ASSIGNMENT —
Could you write out the records below exactly as they appear?

Records contained in a dataset

-- -- --

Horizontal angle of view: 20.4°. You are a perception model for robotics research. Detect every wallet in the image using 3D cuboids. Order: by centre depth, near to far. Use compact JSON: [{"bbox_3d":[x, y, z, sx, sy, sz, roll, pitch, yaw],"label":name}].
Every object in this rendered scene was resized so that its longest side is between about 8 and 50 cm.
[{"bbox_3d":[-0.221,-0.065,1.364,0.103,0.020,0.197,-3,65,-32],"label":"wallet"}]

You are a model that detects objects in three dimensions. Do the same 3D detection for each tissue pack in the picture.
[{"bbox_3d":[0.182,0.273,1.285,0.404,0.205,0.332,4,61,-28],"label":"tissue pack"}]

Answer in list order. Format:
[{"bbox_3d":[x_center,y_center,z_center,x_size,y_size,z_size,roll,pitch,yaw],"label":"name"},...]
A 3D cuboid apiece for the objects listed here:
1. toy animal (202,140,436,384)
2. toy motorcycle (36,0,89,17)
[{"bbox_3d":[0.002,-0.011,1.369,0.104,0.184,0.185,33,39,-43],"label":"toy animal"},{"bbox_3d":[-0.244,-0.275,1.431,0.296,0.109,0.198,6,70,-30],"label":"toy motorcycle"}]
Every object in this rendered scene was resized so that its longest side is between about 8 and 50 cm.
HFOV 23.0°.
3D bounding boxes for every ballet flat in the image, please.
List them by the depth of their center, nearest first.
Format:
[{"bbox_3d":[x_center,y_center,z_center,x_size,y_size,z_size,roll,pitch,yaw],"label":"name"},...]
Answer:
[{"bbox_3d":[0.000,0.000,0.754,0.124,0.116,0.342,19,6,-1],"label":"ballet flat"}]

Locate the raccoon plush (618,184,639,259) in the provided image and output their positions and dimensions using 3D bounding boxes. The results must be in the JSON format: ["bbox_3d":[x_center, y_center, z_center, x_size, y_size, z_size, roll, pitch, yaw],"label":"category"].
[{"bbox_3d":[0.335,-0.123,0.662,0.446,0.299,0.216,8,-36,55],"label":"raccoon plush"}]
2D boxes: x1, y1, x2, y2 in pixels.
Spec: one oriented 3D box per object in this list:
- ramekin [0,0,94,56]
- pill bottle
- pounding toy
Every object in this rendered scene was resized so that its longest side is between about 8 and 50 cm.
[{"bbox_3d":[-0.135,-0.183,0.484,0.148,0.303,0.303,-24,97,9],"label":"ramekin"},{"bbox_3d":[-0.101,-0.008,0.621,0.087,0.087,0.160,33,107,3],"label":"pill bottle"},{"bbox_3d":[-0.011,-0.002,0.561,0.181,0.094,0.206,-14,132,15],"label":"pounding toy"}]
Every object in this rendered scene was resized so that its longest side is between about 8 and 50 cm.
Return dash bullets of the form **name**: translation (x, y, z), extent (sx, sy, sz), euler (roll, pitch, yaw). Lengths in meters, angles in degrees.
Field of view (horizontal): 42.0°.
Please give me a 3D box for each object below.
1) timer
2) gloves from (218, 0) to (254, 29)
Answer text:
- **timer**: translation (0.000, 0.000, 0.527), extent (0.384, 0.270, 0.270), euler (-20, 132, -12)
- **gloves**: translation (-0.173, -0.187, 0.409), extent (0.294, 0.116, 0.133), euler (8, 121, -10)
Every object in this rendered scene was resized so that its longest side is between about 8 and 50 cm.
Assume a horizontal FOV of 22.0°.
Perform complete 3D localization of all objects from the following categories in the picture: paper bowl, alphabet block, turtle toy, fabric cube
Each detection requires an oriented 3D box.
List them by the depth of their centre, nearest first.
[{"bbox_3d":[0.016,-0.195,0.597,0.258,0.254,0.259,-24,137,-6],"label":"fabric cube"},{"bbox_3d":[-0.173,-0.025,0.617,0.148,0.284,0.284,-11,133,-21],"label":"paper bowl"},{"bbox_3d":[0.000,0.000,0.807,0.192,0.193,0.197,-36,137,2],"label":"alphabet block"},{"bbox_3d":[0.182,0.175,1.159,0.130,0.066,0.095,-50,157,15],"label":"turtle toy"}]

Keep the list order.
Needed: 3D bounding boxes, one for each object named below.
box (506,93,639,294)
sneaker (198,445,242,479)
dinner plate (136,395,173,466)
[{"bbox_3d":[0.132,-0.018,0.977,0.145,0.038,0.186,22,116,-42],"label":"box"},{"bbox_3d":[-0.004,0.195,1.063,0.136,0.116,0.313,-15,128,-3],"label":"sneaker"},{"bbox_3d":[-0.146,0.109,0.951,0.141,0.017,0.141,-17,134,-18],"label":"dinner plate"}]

-- -- --

WRITTEN SOLUTION —
Horizontal angle of view: 20.4°. You are a perception model for robotics research. Detect every wallet in the image using 3D cuboids. Order: by centre depth, near to far. Use compact JSON: [{"bbox_3d":[x, y, z, sx, sy, sz, roll, pitch, yaw],"label":name}].
Every object in this rendered scene was resized so that its longest side is between about 8 and 50 cm.
[{"bbox_3d":[-0.221,-0.065,1.364,0.103,0.020,0.197,-3,65,-32],"label":"wallet"}]

You are a model that detects objects in three dimensions. Do the same 3D detection for each tissue pack in the picture.
[{"bbox_3d":[0.182,0.273,1.285,0.404,0.205,0.332,4,61,-28],"label":"tissue pack"}]

Answer in list order. Format:
[{"bbox_3d":[x_center,y_center,z_center,x_size,y_size,z_size,roll,pitch,yaw],"label":"name"},...]
A 3D cuboid apiece for the objects listed here:
1. toy animal (202,140,436,384)
2. toy motorcycle (36,0,89,17)
[{"bbox_3d":[0.002,-0.011,1.369,0.104,0.184,0.185,33,39,-43],"label":"toy animal"},{"bbox_3d":[-0.244,-0.275,1.431,0.296,0.109,0.198,6,70,-30],"label":"toy motorcycle"}]
Every object in this rendered scene was resized so that its longest side is between about 8 and 50 cm.
HFOV 23.0°.
3D bounding boxes for every ballet flat in the image, please.
List them by the depth of their center, nearest first.
Format:
[{"bbox_3d":[x_center,y_center,z_center,x_size,y_size,z_size,roll,pitch,yaw],"label":"name"},...]
Answer:
[{"bbox_3d":[0.000,0.000,0.754,0.124,0.116,0.342,19,6,-1],"label":"ballet flat"}]

Locate the raccoon plush (618,184,639,259) in the provided image and output their positions and dimensions using 3D bounding boxes. The results must be in the JSON format: ["bbox_3d":[x_center, y_center, z_center, x_size, y_size, z_size, roll, pitch, yaw],"label":"category"].
[{"bbox_3d":[0.335,-0.123,0.662,0.446,0.299,0.216,8,-36,55],"label":"raccoon plush"}]
2D boxes: x1, y1, x2, y2 in pixels.
Spec: one oriented 3D box per object in this list:
- ramekin [0,0,94,56]
- pill bottle
- pounding toy
Every object in this rendered scene was resized so that its longest side is between about 8 and 50 cm.
[{"bbox_3d":[-0.135,-0.183,0.484,0.148,0.303,0.303,-24,97,9],"label":"ramekin"},{"bbox_3d":[-0.101,-0.008,0.621,0.087,0.087,0.160,33,107,3],"label":"pill bottle"},{"bbox_3d":[-0.011,-0.002,0.561,0.181,0.094,0.206,-14,132,15],"label":"pounding toy"}]
Every object in this rendered scene was resized so that its longest side is between about 8 and 50 cm.
Return dash bullets of the form **name**: translation (x, y, z), extent (sx, sy, sz), euler (roll, pitch, yaw). Lengths in meters, angles in degrees.
Field of view (horizontal): 42.0°.
Please give me a 3D box for each object below.
1) timer
2) gloves from (218, 0) to (254, 29)
Answer text:
- **timer**: translation (0.000, 0.000, 0.527), extent (0.384, 0.270, 0.270), euler (-20, 132, -12)
- **gloves**: translation (-0.173, -0.187, 0.409), extent (0.294, 0.116, 0.133), euler (8, 121, -10)
Every object in this rendered scene was resized so that its longest side is between about 8 and 50 cm.
Assume a horizontal FOV of 22.0°.
Perform complete 3D localization of all objects from the following categories in the picture: paper bowl, alphabet block, turtle toy, fabric cube
Each detection requires an oriented 3D box.
List them by the depth of their centre, nearest first.
[{"bbox_3d":[0.016,-0.195,0.597,0.258,0.254,0.259,-24,137,-6],"label":"fabric cube"},{"bbox_3d":[-0.173,-0.025,0.617,0.148,0.284,0.284,-11,133,-21],"label":"paper bowl"},{"bbox_3d":[0.000,0.000,0.807,0.192,0.193,0.197,-36,137,2],"label":"alphabet block"},{"bbox_3d":[0.182,0.175,1.159,0.130,0.066,0.095,-50,157,15],"label":"turtle toy"}]

Keep the list order.
Needed: 3D bounding boxes, one for each object named below.
box (506,93,639,294)
sneaker (198,445,242,479)
dinner plate (136,395,173,466)
[{"bbox_3d":[0.132,-0.018,0.977,0.145,0.038,0.186,22,116,-42],"label":"box"},{"bbox_3d":[-0.004,0.195,1.063,0.136,0.116,0.313,-15,128,-3],"label":"sneaker"},{"bbox_3d":[-0.146,0.109,0.951,0.141,0.017,0.141,-17,134,-18],"label":"dinner plate"}]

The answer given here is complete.